» BRIEF: Output each record below exactly. No images go in the copy.

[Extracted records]

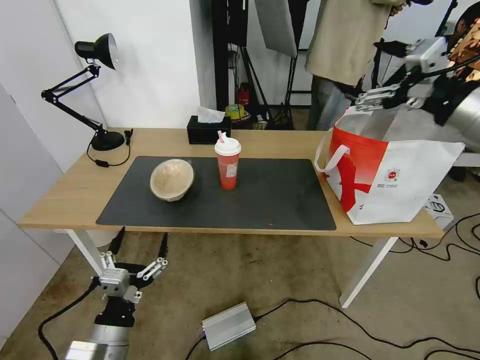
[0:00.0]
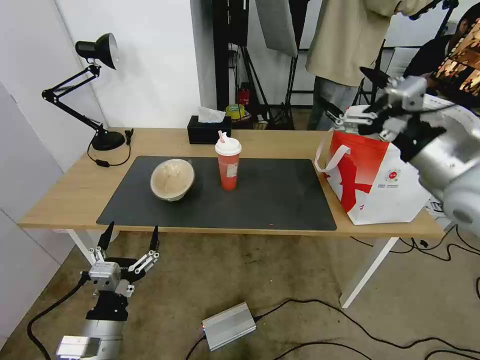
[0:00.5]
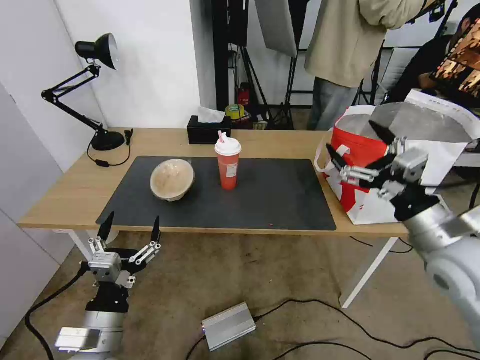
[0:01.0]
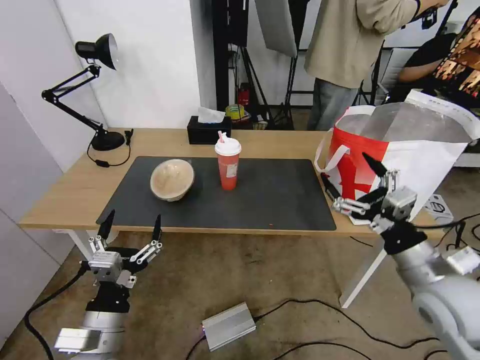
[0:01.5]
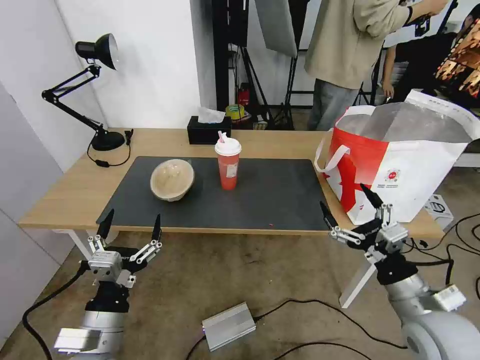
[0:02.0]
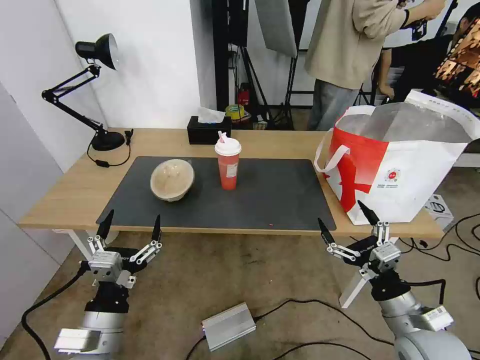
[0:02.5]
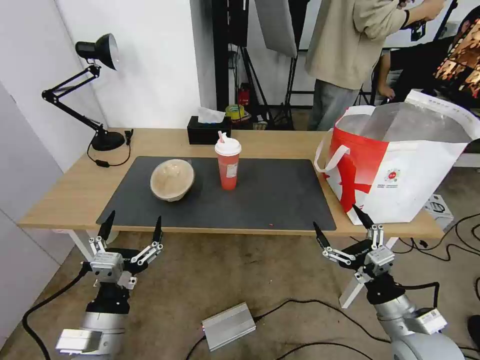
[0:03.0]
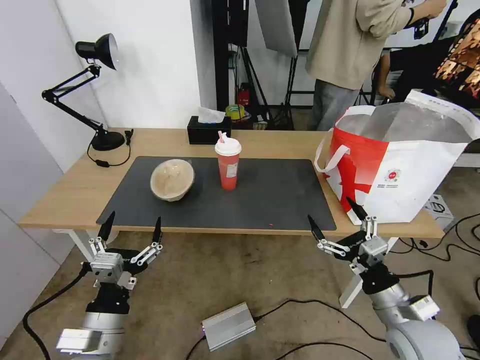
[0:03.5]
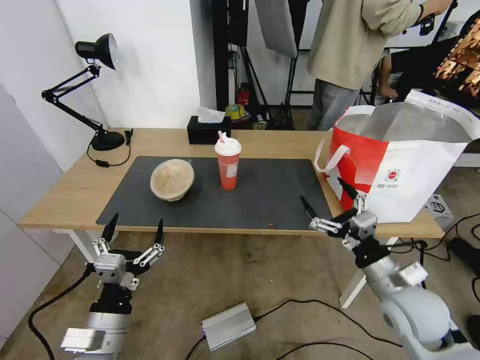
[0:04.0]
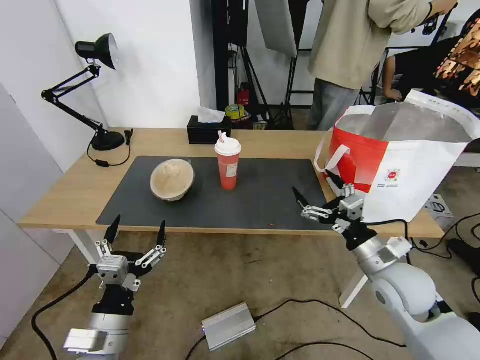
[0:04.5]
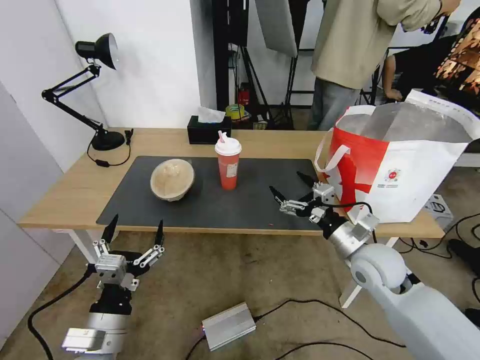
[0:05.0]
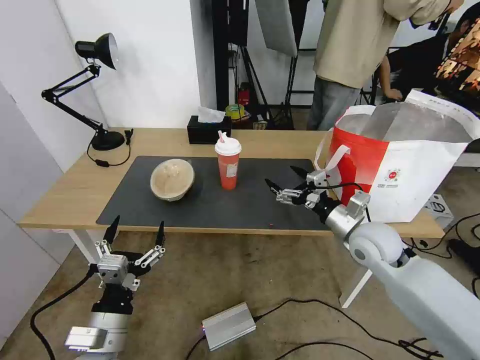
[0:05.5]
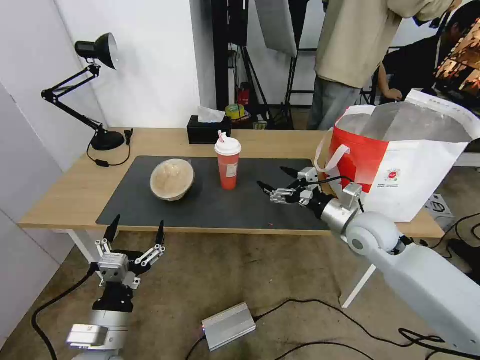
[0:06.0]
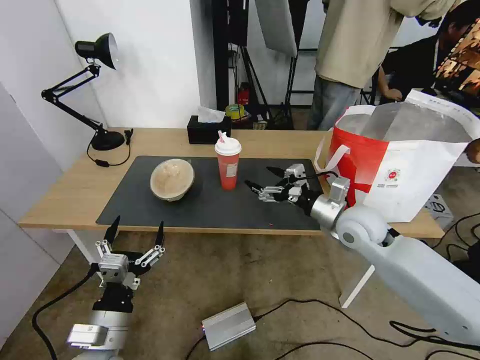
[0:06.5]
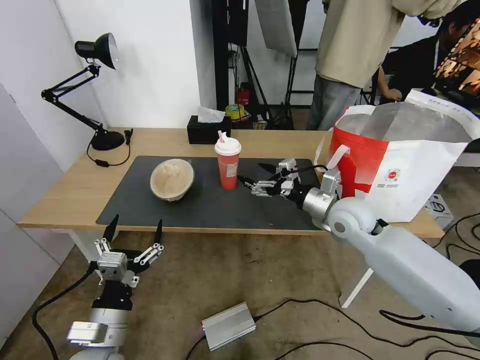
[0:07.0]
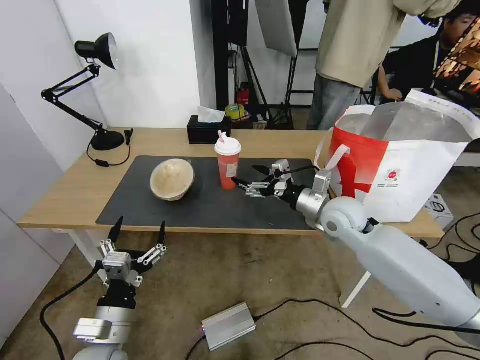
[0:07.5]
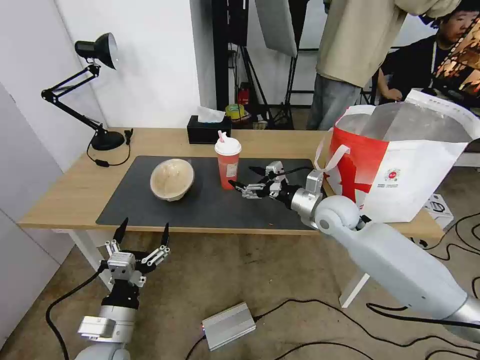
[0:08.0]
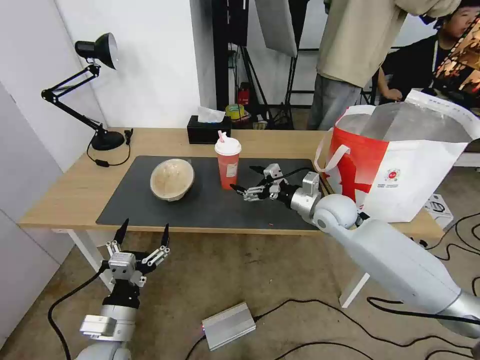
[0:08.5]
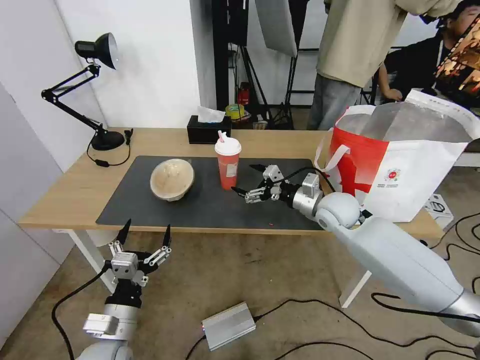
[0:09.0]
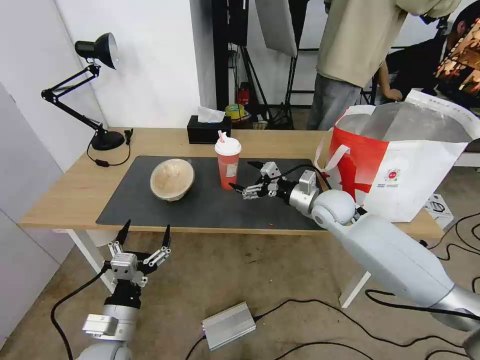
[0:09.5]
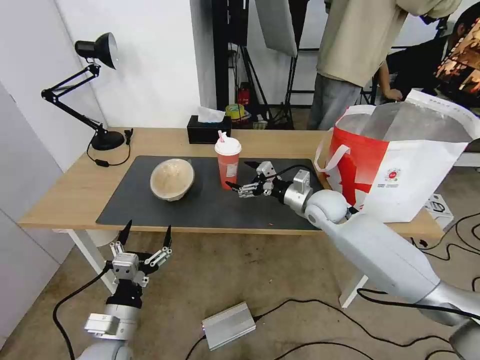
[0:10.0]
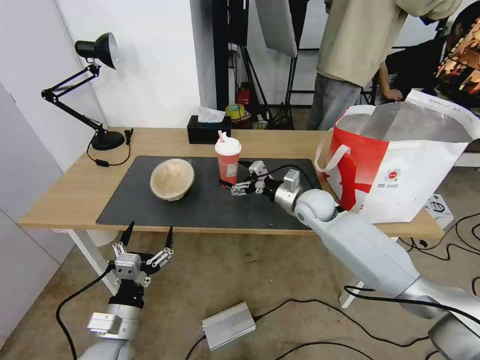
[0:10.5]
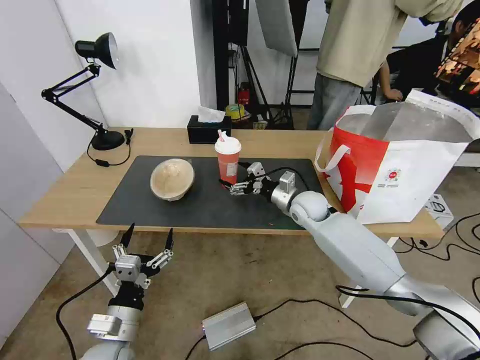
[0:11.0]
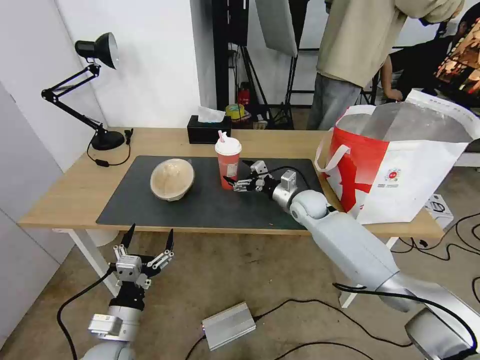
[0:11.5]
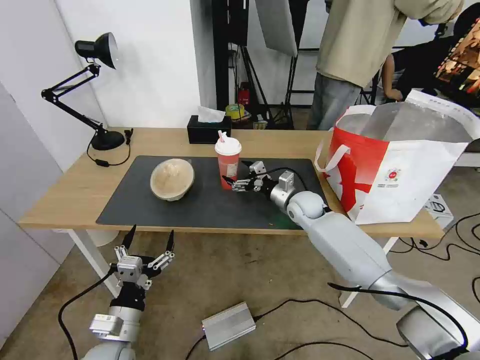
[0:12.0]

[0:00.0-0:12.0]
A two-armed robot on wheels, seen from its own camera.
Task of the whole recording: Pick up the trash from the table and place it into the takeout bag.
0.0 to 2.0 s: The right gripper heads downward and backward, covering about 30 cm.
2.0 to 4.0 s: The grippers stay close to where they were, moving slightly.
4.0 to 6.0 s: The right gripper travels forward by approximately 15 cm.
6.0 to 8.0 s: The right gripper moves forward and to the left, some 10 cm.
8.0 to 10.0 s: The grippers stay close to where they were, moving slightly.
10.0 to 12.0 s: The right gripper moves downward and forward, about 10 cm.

» COMPLETED TASK:
[0:00.0]
[0:00.5]
[0:01.0]
[0:01.5]
[0:02.0]
[0:02.5]
[0:03.0]
[0:03.5]
[0:04.0]
[0:04.5]
[0:05.0]
[0:05.5]
[0:06.0]
[0:06.5]
[0:07.0]
[0:07.5]
[0:08.0]
[0:08.5]
[0:09.0]
[0:09.5]
[0:10.0]
[0:10.5]
[0:11.0]
[0:11.5]
[0:12.0]

[0:00.0-0:12.0]
A two-armed robot on wheels, seen from its own camera.
Task of the whole recording: Pick up the trash from the table and place it into the takeout bag.
0.0 to 2.0 s: The right gripper heads downward and backward, covering about 30 cm.
2.0 to 4.0 s: The grippers stay close to where they were, moving slightly.
4.0 to 6.0 s: The right gripper travels forward by approximately 15 cm.
6.0 to 8.0 s: The right gripper moves forward and to the left, some 10 cm.
8.0 to 10.0 s: The grippers stay close to where they were, moving slightly.
10.0 to 12.0 s: The right gripper moves downward and forward, about 10 cm.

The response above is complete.